In this exercise, the entries below include pictures. Repeat exactly the lines from the line with "table_cell Bij BSO+" to the line with "Identify the document", including both, but without the pictures.

☆ ☆ ☆ ☆ ☆

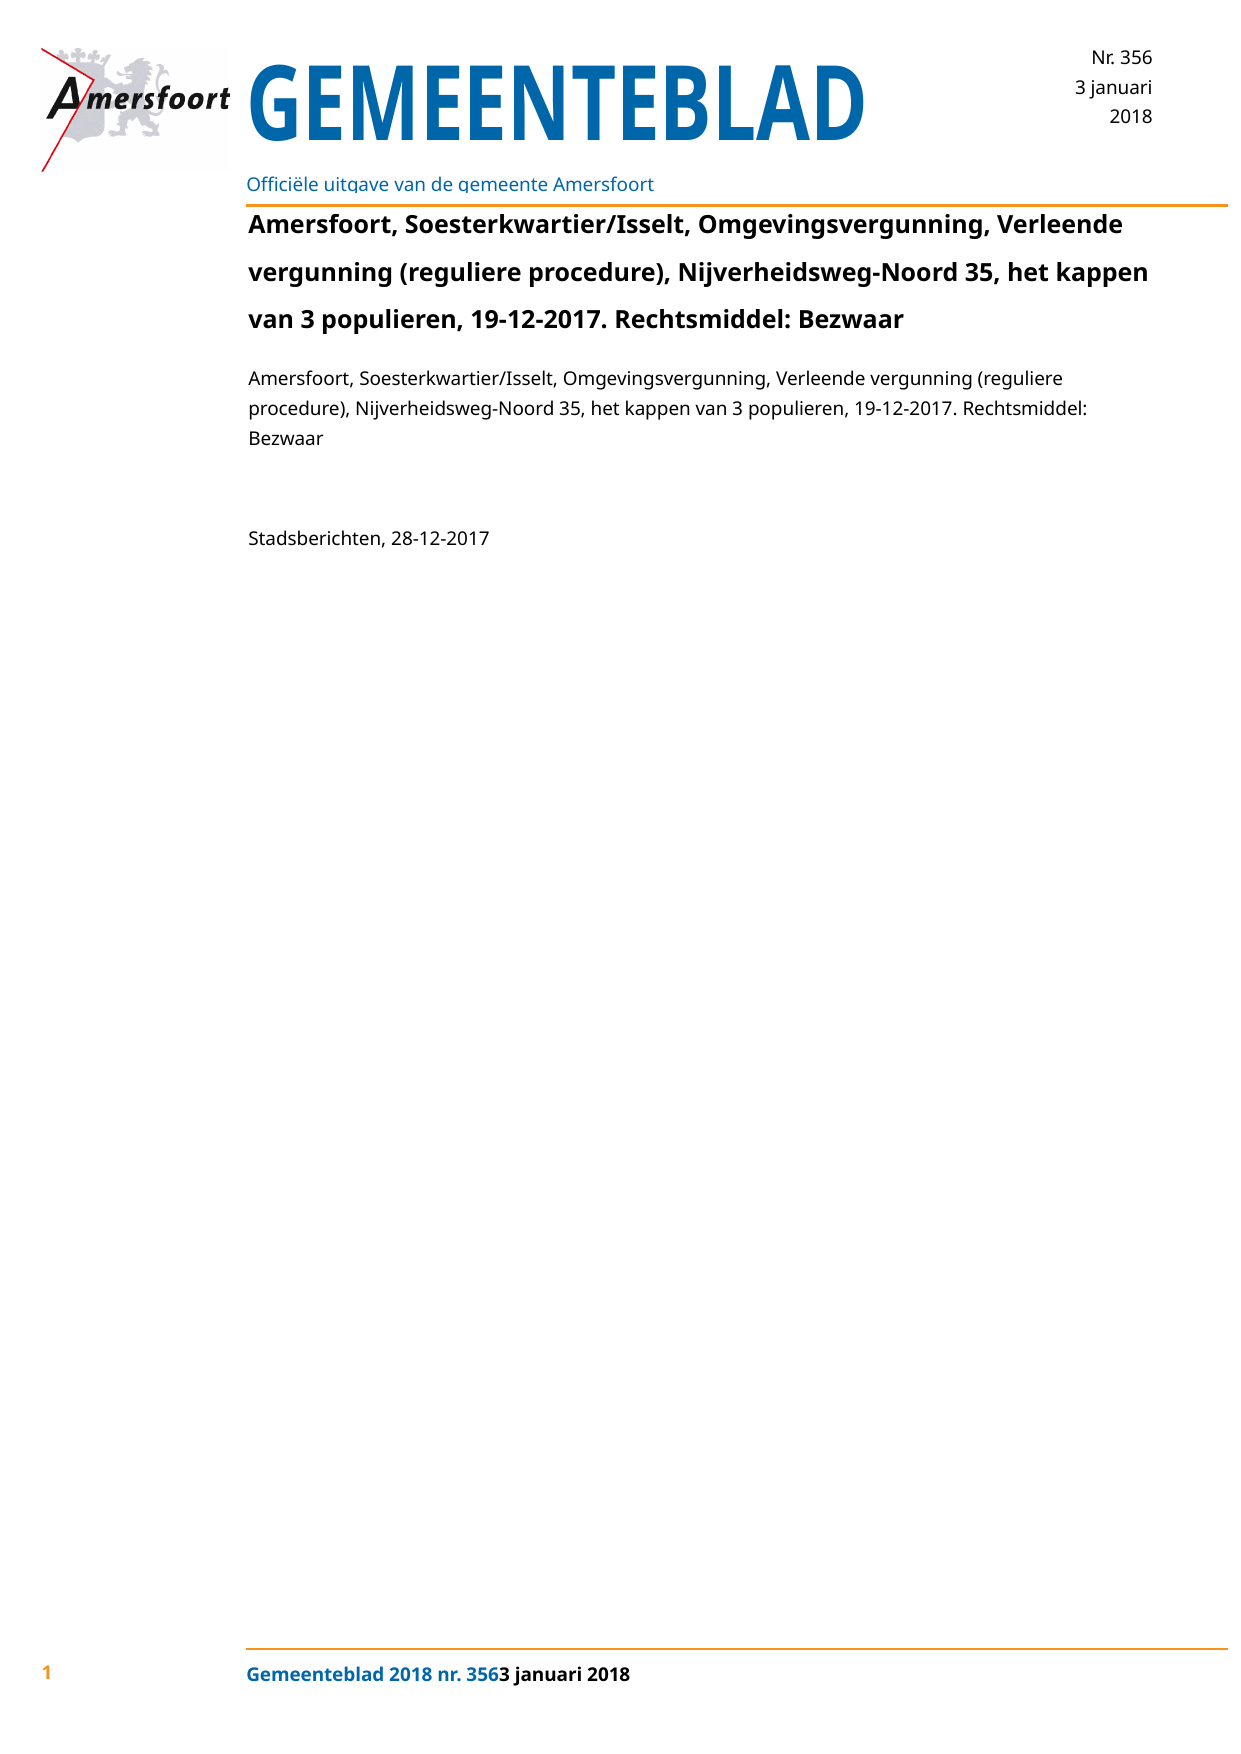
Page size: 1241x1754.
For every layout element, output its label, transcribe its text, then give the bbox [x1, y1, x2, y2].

picture [41, 47, 231, 172]
text Amersfoort, Soesterkwartier/Isselt, Omgevingsvergunning, Verleende vergunning (reguliere procedure), Nijverheidsweg-Noord 35, het kappen van 3 populieren, 19-12-2017. Rechtsmiddel: Bezwaar [248, 366, 1152, 450]
text Stadsberichten, 28-12-2017 [248, 526, 1152, 551]
text Amersfoort, Soesterkwartier/Isselt, Omgevingsvergunning, Verleende vergunning (reguliere procedure), Nijverheidsweg-Noord 35, het kappen van 3 populieren, 19-12-2017. Rechtsmiddel: Bezwaar [248, 207, 1152, 336]
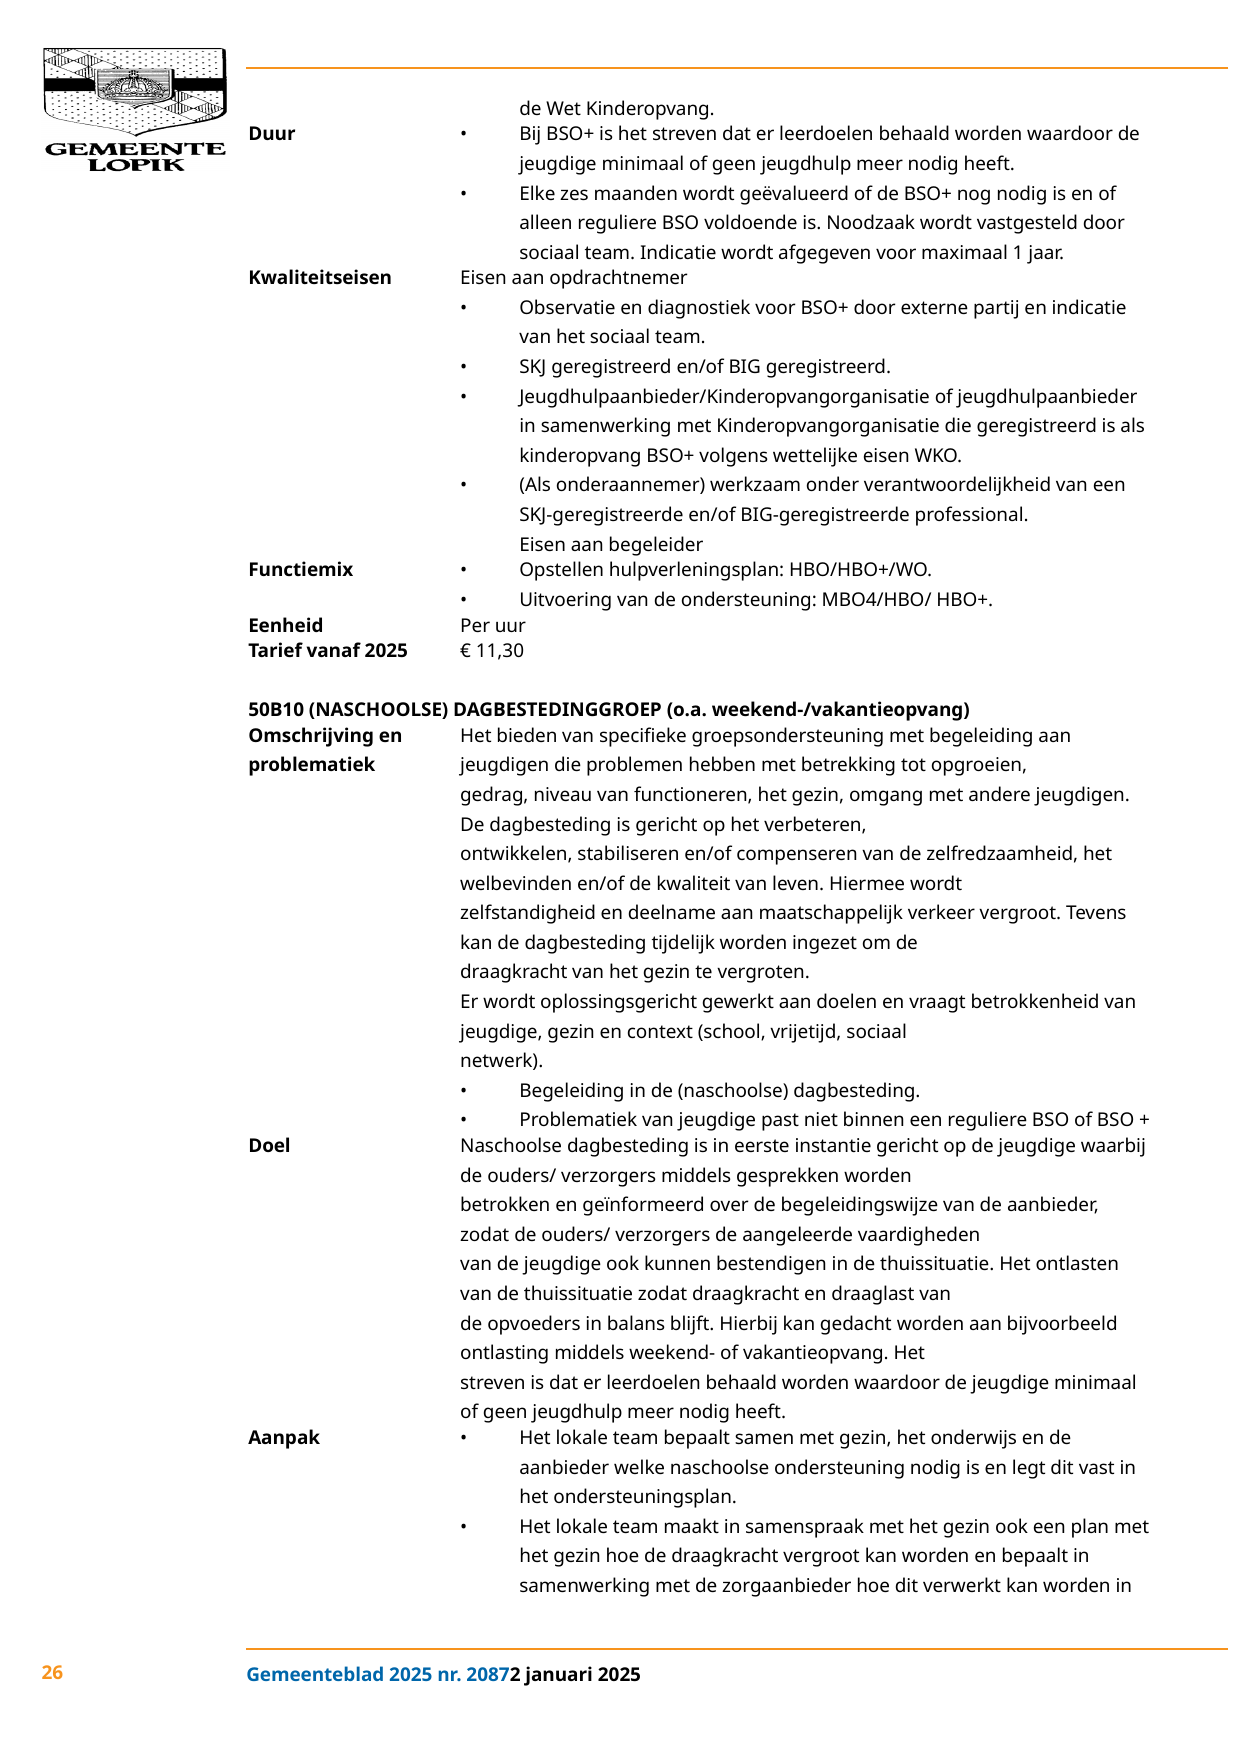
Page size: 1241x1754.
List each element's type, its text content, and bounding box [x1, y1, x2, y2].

table_cell Naschoolse dagbesteding is in eerste instantie gericht op de jeugdige waarbij de ouders/ verzorgers middels gesprekken worden betrokken en geïnformeerd over de begeleidingswijze van de aanbieder, zodat de ouders/ verzorgers de aangeleerde vaardigheden van de jeugdige ook kunnen bestendigen in de thuissituatie. Het ontlasten van de thuissituatie zodat draagkracht en draaglast van de opvoeders in balans blijft. Hierbij kan gedacht worden aan bijvoorbeeld ontlasting middels weekend- of vakantieopvang. Het streven is dat er leerdoelen behaald worden waardoor de jeugdige minimaal of geen jeugdhulp meer nodig heeft. [460, 1132, 1152, 1424]
table_cell Aanpak [248, 1424, 460, 1598]
table_cell Per uur [460, 612, 1152, 638]
table_cell Functiemix [248, 557, 460, 612]
table_cell € 11,30 [460, 638, 1152, 663]
table_cell Tarief vanaf 2025 [248, 638, 460, 663]
table_cell Eenheid [248, 612, 460, 638]
table_cell [248, 95, 460, 121]
table_cell Het bieden van specifieke groepsondersteuning met begeleiding aan jeugdigen die problemen hebben met betrekking tot opgroeien, gedrag, niveau van functioneren, het gezin, omgang met andere jeugdigen. De dagbesteding is gericht op het verbeteren, ontwikkelen, stabiliseren en/of compenseren van de zelfredzaamheid, het welbevinden en/of de kwaliteit van leven. Hiermee wordt zelfstandigheid en deelname aan maatschappelijk verkeer vergroot. Tevens kan de dagbesteding tijdelijk worden ingezet om de draagkracht van het gezin te vergroten. Er wordt oplossingsgericht gewerkt aan doelen en vraagt betrokkenheid van jeugdige, gezin en context (school, vrijetijd, sociaal netwerk). Begeleiding in de (naschoolse) dagbesteding. Problematiek van jeugdige past niet binnen een reguliere BSO of BSO + [460, 722, 1152, 1132]
table_cell Omschrijving en problematiek [248, 722, 460, 1132]
table_cell Bij BSO+ is het streven dat er leerdoelen behaald worden waardoor de jeugdige minimaal of geen jeugdhulp meer nodig heeft. Elke zes maanden wordt geëvalueerd of de BSO+ nog nodig is en of alleen reguliere BSO voldoende is. Noodzaak wordt vastgesteld door sociaal team. Indicatie wordt afgegeven voor maximaal 1 jaar. [460, 121, 1152, 264]
table_cell Opstellen hulpverleningsplan: HBO/HBO+/WO. Uitvoering van de ondersteuning: MBO4/HBO/ HBO+. [460, 557, 1152, 612]
table_cell Kwaliteitseisen [248, 265, 460, 557]
table_cell Doel [248, 1132, 460, 1424]
table_cell Het lokale team bepaalt samen met gezin, het onderwijs en de aanbieder welke naschoolse ondersteuning nodig is en legt dit vast in het ondersteuningsplan. Het lokale team maakt in samenspraak met het gezin ook een plan met het gezin hoe de draagkracht vergroot kan worden en bepaalt in samenwerking met de zorgaanbieder hoe dit verwerkt kan worden in [460, 1424, 1152, 1598]
picture [41, 47, 231, 172]
table_header 50B10 (NASCHOOLSE) DAGBESTEDINGGROEP (o.a. weekend-/vakantieopvang) [248, 696, 1152, 722]
table_cell Eisen aan opdrachtnemer Observatie en diagnostiek voor BSO+ door externe partij en indicatie van het sociaal team. SKJ geregistreerd en/of BIG geregistreerd. Jeugdhulpaanbieder/Kinderopvangorganisatie of jeugdhulpaanbieder in samenwerking met Kinderopvangorganisatie die geregistreerd is als kinderopvang BSO+ volgens wettelijke eisen WKO. (Als onderaannemer) werkzaam onder verantwoordelijkheid van een SKJ-geregistreerde en/of BIG-geregistreerde professional. Eisen aan begeleider [460, 265, 1152, 557]
table_cell Duur [248, 121, 460, 264]
table_cell de Wet Kinderopvang. [460, 95, 1152, 121]
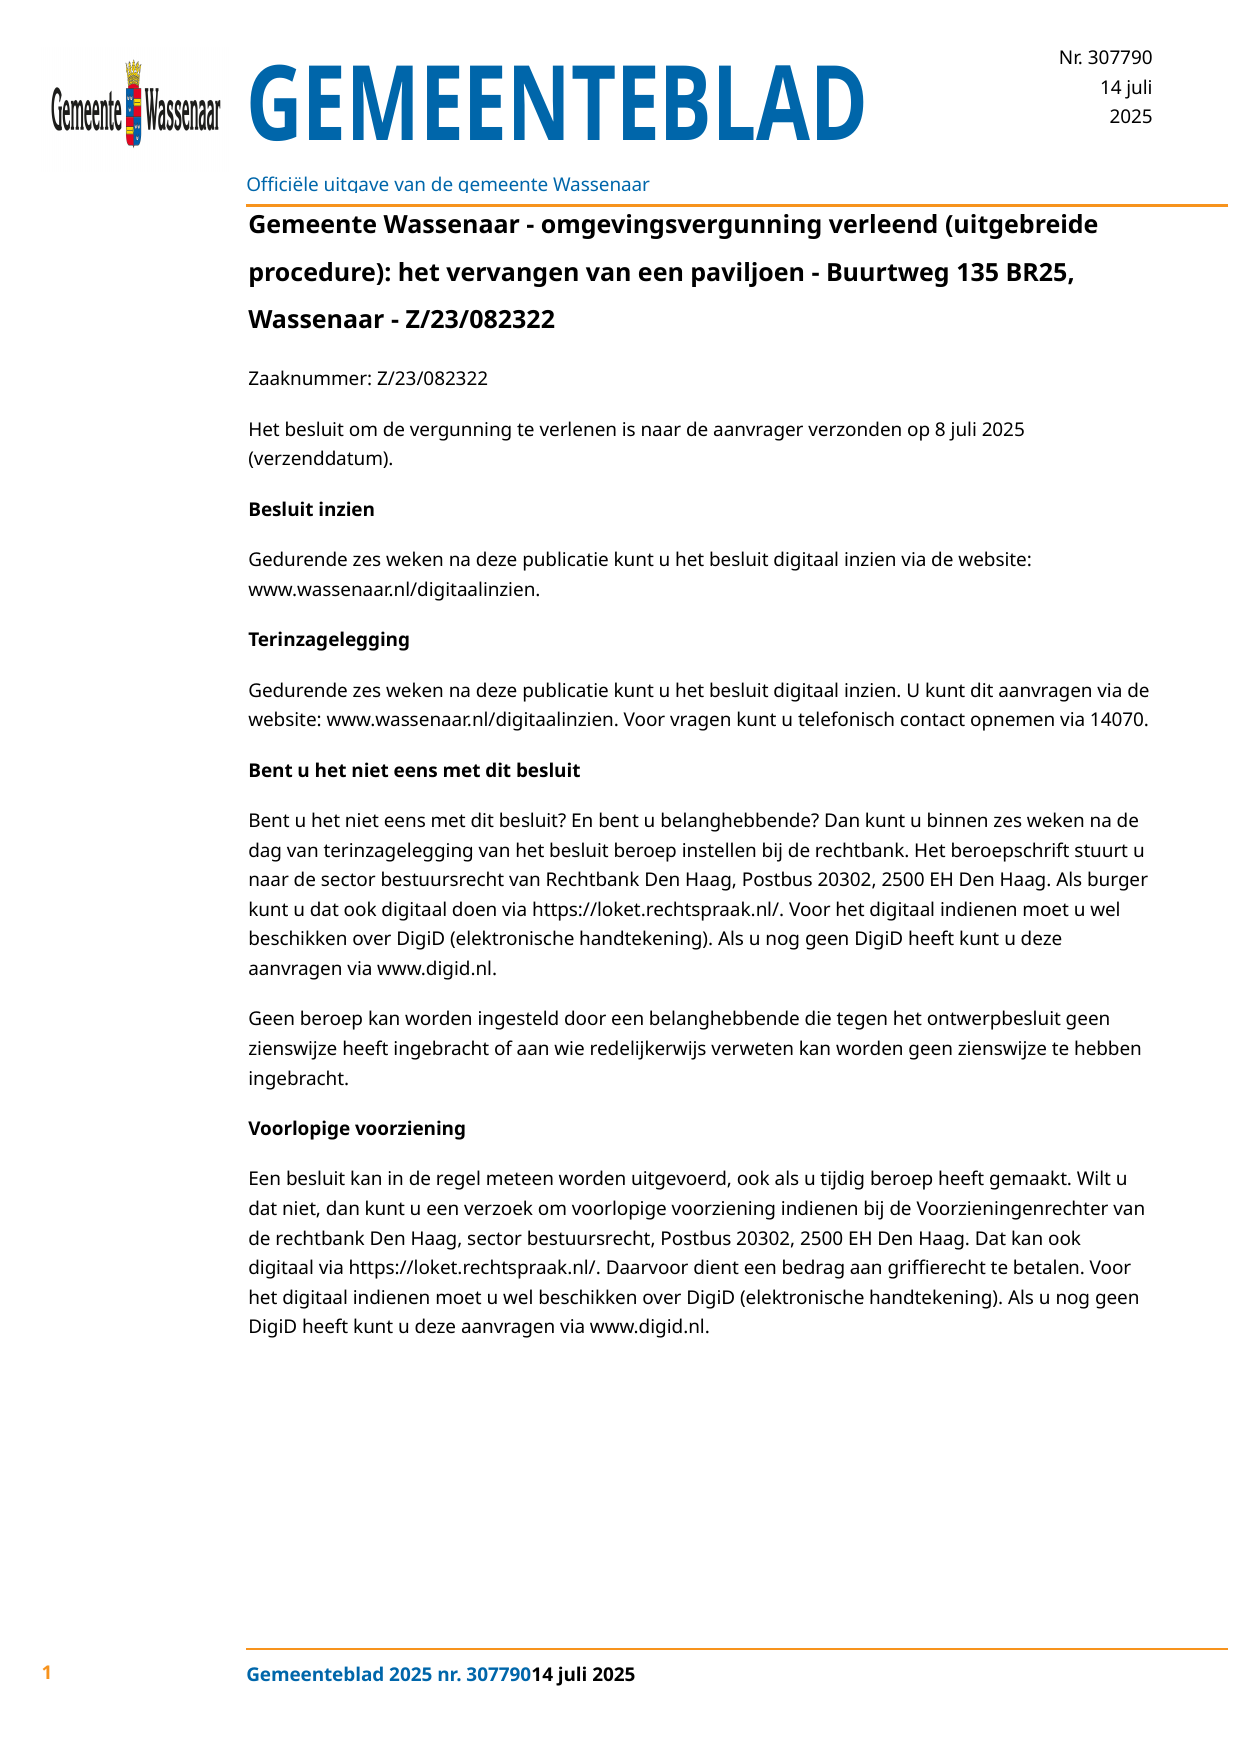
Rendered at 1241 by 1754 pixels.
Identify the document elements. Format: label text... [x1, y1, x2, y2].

text Een besluit kan in de regel meteen worden uitgevoerd, ook als u tijdig beroep heeft gemaakt. Wilt u dat niet, dan kunt u een verzoek om voorlopige voorziening indienen bij de Voorzieningenrechter van de rechtbank Den Haag, sector bestuursrecht, Postbus 20302, 2500 EH Den Haag. Dat kan ook digitaal via https://loket.rechtspraak.nl/. Daarvoor dient een bedrag aan griffierecht te betalen. Voor het digitaal indienen moet u wel beschikken over DigiD (elektronische handtekening). Als u nog geen DigiD heeft kunt u deze aanvragen via www.digid.nl. [248, 1166, 1152, 1339]
picture [41, 47, 231, 172]
text Gedurende zes weken na deze publicatie kunt u het besluit digitaal inzien. U kunt dit aanvragen via de website: www.wassenaar.nl/digitaalinzien. Voor vragen kunt u telefonisch contact opnemen via 14070. [248, 677, 1152, 732]
text Het besluit om de vergunning te verlenen is naar de aanvrager verzonden op 8 juli 2025 (verzenddatum). [248, 416, 1152, 471]
text Besluit inzien [248, 496, 1152, 522]
text Gemeente Wassenaar - omgevingsvergunning verleend (uitgebreide procedure): het vervangen van een paviljoen - Buurtweg 135 BR25, Wassenaar - Z/23/082322 [248, 207, 1152, 336]
text Zaaknummer: Z/23/082322 [248, 366, 1152, 391]
text Bent u het niet eens met dit besluit [248, 757, 1152, 782]
text Gedurende zes weken na deze publicatie kunt u het besluit digitaal inzien via de website: www.wassenaar.nl/digitaalinzien. [248, 546, 1152, 602]
text Geen beroep kan worden ingesteld door een belanghebbende die tegen het ontwerpbesluit geen zienswijze heeft ingebracht of aan wie redelijkerwijs verweten kan worden geen zienswijze te hebben ingebracht. [248, 1006, 1152, 1090]
text Terinzagelegging [248, 626, 1152, 652]
text Bent u het niet eens met dit besluit? En bent u belanghebbende? Dan kunt u binnen zes weken na de dag van terinzagelegging van het besluit beroep instellen bij de rechtbank. Het beroepschrift stuurt u naar de sector bestuursrecht van Rechtbank Den Haag, Postbus 20302, 2500 EH Den Haag. Als burger kunt u dat ook digitaal doen via https://loket.rechtspraak.nl/. Voor het digitaal indienen moet u wel beschikken over DigiD (elektronische handtekening). Als u nog geen DigiD heeft kunt u deze aanvragen via www.digid.nl. [248, 807, 1152, 981]
text Voorlopige voorziening [248, 1115, 1152, 1141]

☆ ☆ ☆ ☆ ☆

* _REPLY TO THE EXERCISE_:
table_cell Bij BSO+ is het streven dat er leerdoelen behaald worden waardoor de jeugdige minimaal of geen jeugdhulp meer nodig heeft. Elke zes maanden wordt geëvalueerd of de BSO+ nog nodig is en of alleen reguliere BSO voldoende is. Noodzaak wordt vastgesteld door sociaal team. Indicatie wordt afgegeven voor maximaal 1 jaar. [460, 121, 1152, 264]
table_cell Opstellen hulpverleningsplan: HBO/HBO+/WO. Uitvoering van de ondersteuning: MBO4/HBO/ HBO+. [460, 557, 1152, 612]
table_cell Kwaliteitseisen [248, 265, 460, 557]
table_cell Doel [248, 1132, 460, 1424]
table_cell Het lokale team bepaalt samen met gezin, het onderwijs en de aanbieder welke naschoolse ondersteuning nodig is en legt dit vast in het ondersteuningsplan. Het lokale team maakt in samenspraak met het gezin ook een plan met het gezin hoe de draagkracht vergroot kan worden en bepaalt in samenwerking met de zorgaanbieder hoe dit verwerkt kan worden in [460, 1424, 1152, 1598]
picture [41, 47, 231, 172]
table_header 50B10 (NASCHOOLSE) DAGBESTEDINGGROEP (o.a. weekend-/vakantieopvang) [248, 696, 1152, 722]
table_cell Eisen aan opdrachtnemer Observatie en diagnostiek voor BSO+ door externe partij en indicatie van het sociaal team. SKJ geregistreerd en/of BIG geregistreerd. Jeugdhulpaanbieder/Kinderopvangorganisatie of jeugdhulpaanbieder in samenwerking met Kinderopvangorganisatie die geregistreerd is als kinderopvang BSO+ volgens wettelijke eisen WKO. (Als onderaannemer) werkzaam onder verantwoordelijkheid van een SKJ-geregistreerde en/of BIG-geregistreerde professional. Eisen aan begeleider [460, 265, 1152, 557]
table_cell Duur [248, 121, 460, 264]
table_cell de Wet Kinderopvang. [460, 95, 1152, 121]
Rendered at 1241 by 1754 pixels.
Identify the document elements. Format: label text... [x1, y1, x2, y2].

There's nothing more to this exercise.